Dataset records:
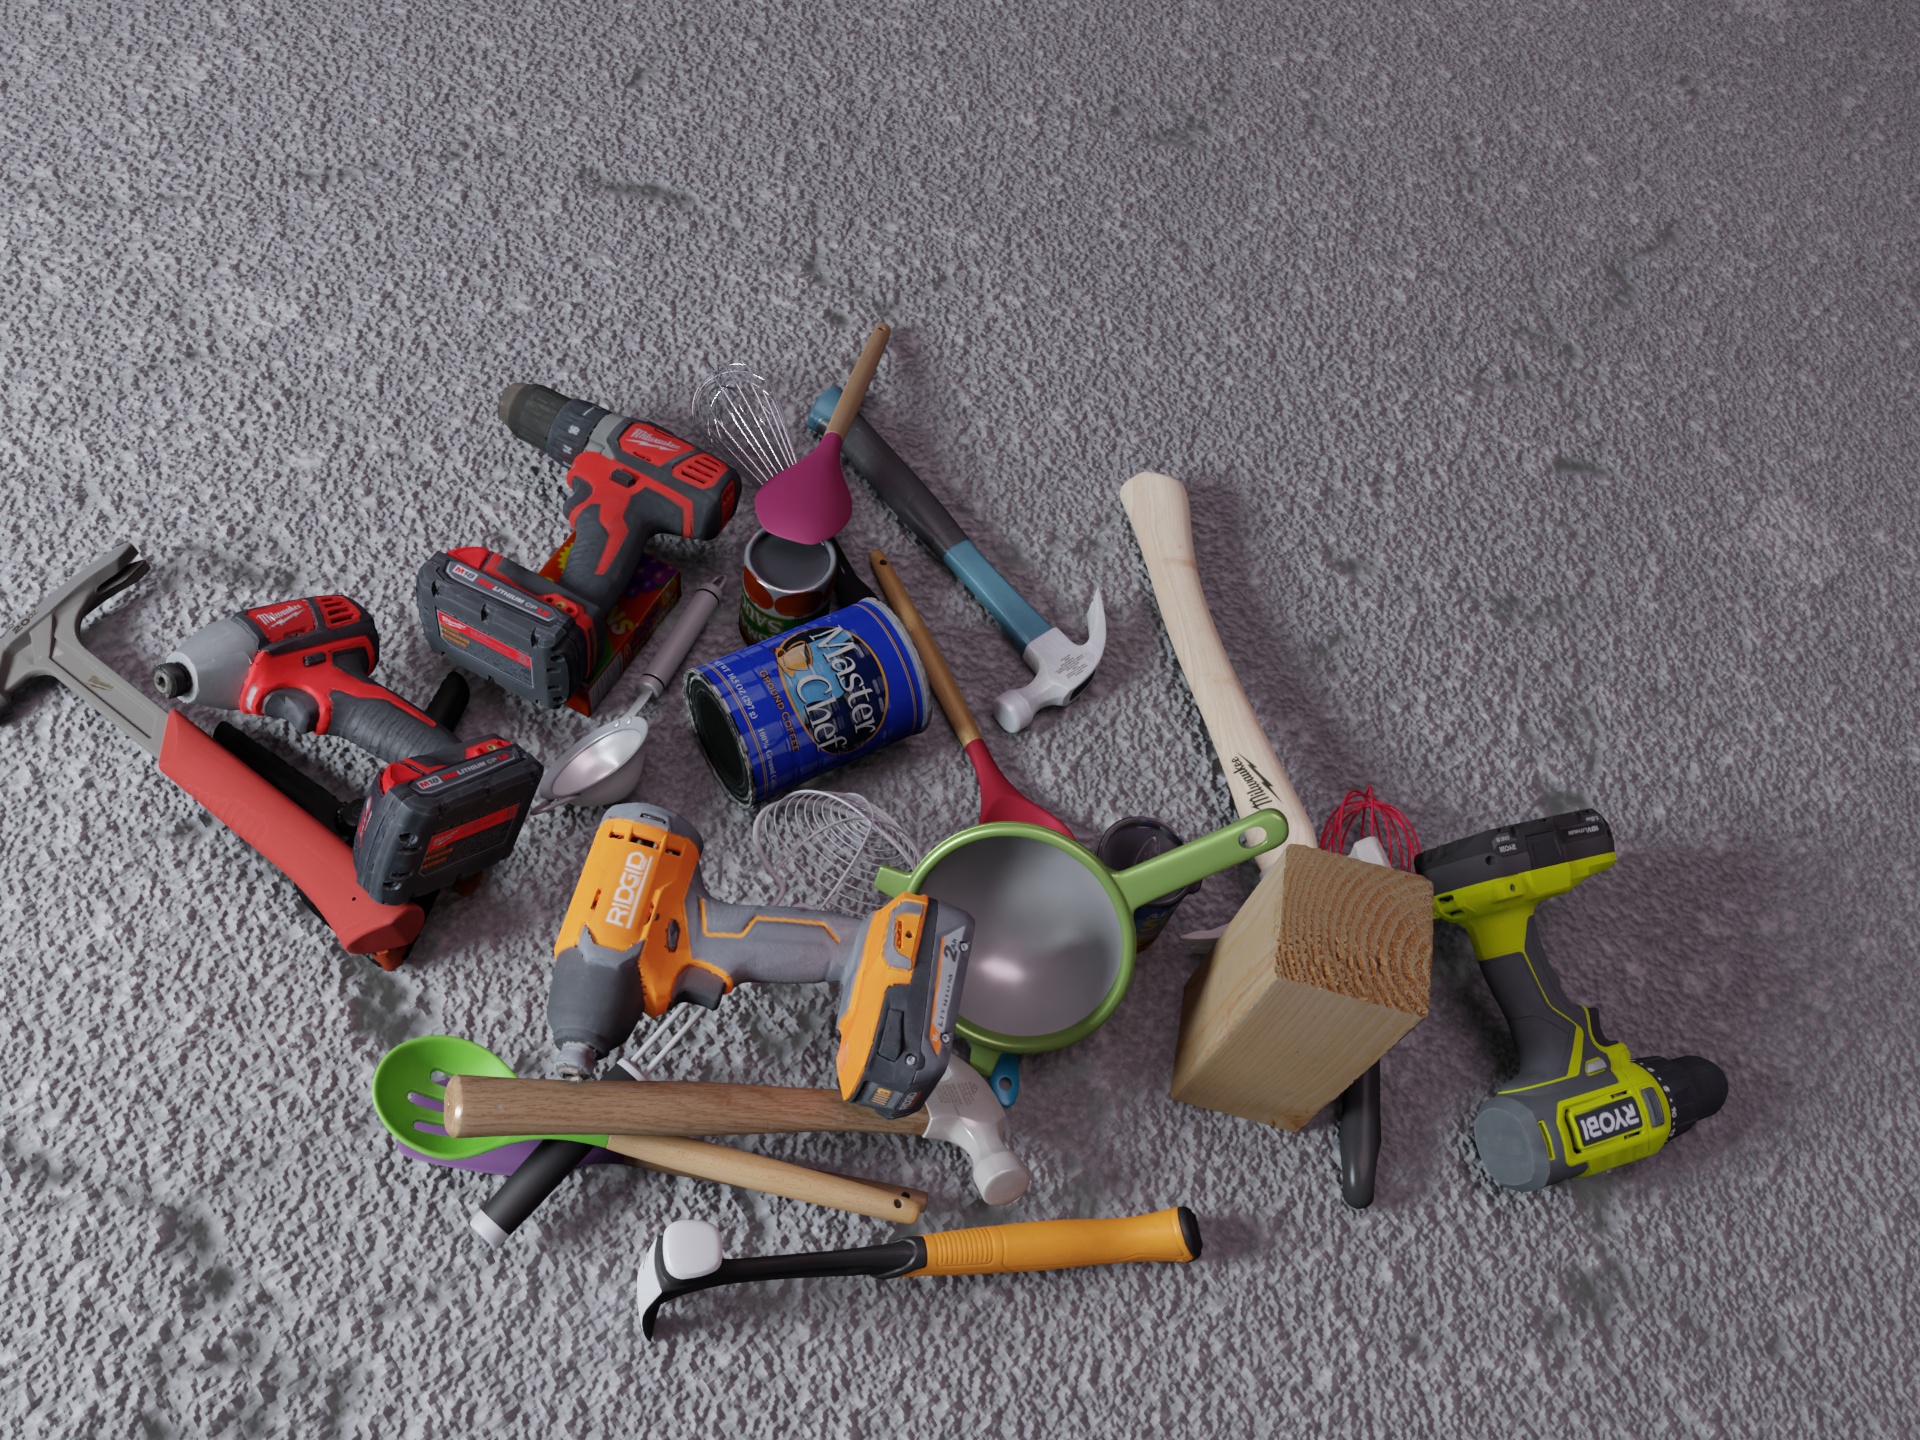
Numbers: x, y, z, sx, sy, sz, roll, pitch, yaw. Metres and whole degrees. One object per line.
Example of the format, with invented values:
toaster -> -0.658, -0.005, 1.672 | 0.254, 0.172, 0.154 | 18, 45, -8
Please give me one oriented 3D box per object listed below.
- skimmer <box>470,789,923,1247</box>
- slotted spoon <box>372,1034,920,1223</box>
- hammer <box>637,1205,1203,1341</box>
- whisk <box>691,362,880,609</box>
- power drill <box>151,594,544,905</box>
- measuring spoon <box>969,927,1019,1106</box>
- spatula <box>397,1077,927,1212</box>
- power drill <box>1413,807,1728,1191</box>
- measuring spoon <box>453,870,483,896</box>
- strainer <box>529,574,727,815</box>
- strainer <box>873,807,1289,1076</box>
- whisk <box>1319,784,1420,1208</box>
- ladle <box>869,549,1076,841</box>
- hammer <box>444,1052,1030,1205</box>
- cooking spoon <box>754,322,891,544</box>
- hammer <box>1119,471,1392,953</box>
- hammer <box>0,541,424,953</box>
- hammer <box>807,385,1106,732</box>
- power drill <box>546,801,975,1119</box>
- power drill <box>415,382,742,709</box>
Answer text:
skimmer -> -0.158, 0.181, 0.992 | 0.127, 0.090, 0.363 | 38, 66, 11
slotted spoon -> -0.174, 0.243, 0.900 | 0.313, 0.031, 0.070 | 16, 50, -8
hammer -> -0.016, 0.312, 0.921 | 0.336, 0.127, 0.034 | 3, 56, -21
whisk -> -0.124, -0.164, 1.215 | 0.070, 0.070, 0.285 | -24, 71, -23
power drill -> -0.377, 0.007, 0.976 | 0.220, 0.078, 0.143 | 38, 30, 17
measuring spoon -> 0.026, 0.187, 1.038 | 0.042, 0.021, 0.129 | 0, 57, -10
spatula -> -0.175, 0.262, 0.956 | 0.316, 0.018, 0.060 | 11, 55, -3
power drill -> 0.408, 0.181, 1.060 | 0.190, 0.080, 0.229 | -8, 77, -25
measuring spoon -> -0.324, 0.062, 1.056 | 0.021, 0.011, 0.117 | 2, 58, -10
strainer -> -0.218, -0.016, 1.109 | 0.087, 0.050, 0.259 | -9, 40, 36
strainer -> 0.085, 0.107, 0.992 | 0.256, 0.069, 0.151 | -26, 96, 15
whisk -> 0.273, 0.178, 1.071 | 0.073, 0.073, 0.296 | 11, 62, -4
ladle -> -0.002, -0.004, 1.151 | 0.069, 0.031, 0.316 | -15, 61, -22
hammer -> -0.125, 0.221, 0.911 | 0.331, 0.031, 0.130 | 9, 28, -28
cooking spoon -> -0.093, -0.229, 1.226 | 0.068, 0.017, 0.319 | 17, 41, -2
hammer -> 0.179, -0.024, 1.174 | 0.146, 0.038, 0.411 | -25, 53, 14
hammer -> -0.469, 0.026, 1.007 | 0.359, 0.036, 0.149 | 33, 67, 18
hammer -> -0.012, -0.140, 1.230 | 0.128, 0.033, 0.331 | -31, 68, -25
power drill -> -0.117, 0.150, 0.905 | 0.226, 0.084, 0.164 | 17, 53, -6
power drill -> -0.283, -0.136, 1.105 | 0.188, 0.080, 0.227 | 27, 55, 6

## Required action
Start with the line above that contains "Example of the" and end with the line that contains "- power drill <box>415,382,742,709</box>". Write out those lines exactly, and only those.

## Exercise answer
Example of the format, with invented values:
toaster -> -0.658, -0.005, 1.672 | 0.254, 0.172, 0.154 | 18, 45, -8
Please give me one oriented 3D box per object listed below.
- skimmer <box>470,789,923,1247</box>
- slotted spoon <box>372,1034,920,1223</box>
- hammer <box>637,1205,1203,1341</box>
- whisk <box>691,362,880,609</box>
- power drill <box>151,594,544,905</box>
- measuring spoon <box>969,927,1019,1106</box>
- spatula <box>397,1077,927,1212</box>
- power drill <box>1413,807,1728,1191</box>
- measuring spoon <box>453,870,483,896</box>
- strainer <box>529,574,727,815</box>
- strainer <box>873,807,1289,1076</box>
- whisk <box>1319,784,1420,1208</box>
- ladle <box>869,549,1076,841</box>
- hammer <box>444,1052,1030,1205</box>
- cooking spoon <box>754,322,891,544</box>
- hammer <box>1119,471,1392,953</box>
- hammer <box>0,541,424,953</box>
- hammer <box>807,385,1106,732</box>
- power drill <box>546,801,975,1119</box>
- power drill <box>415,382,742,709</box>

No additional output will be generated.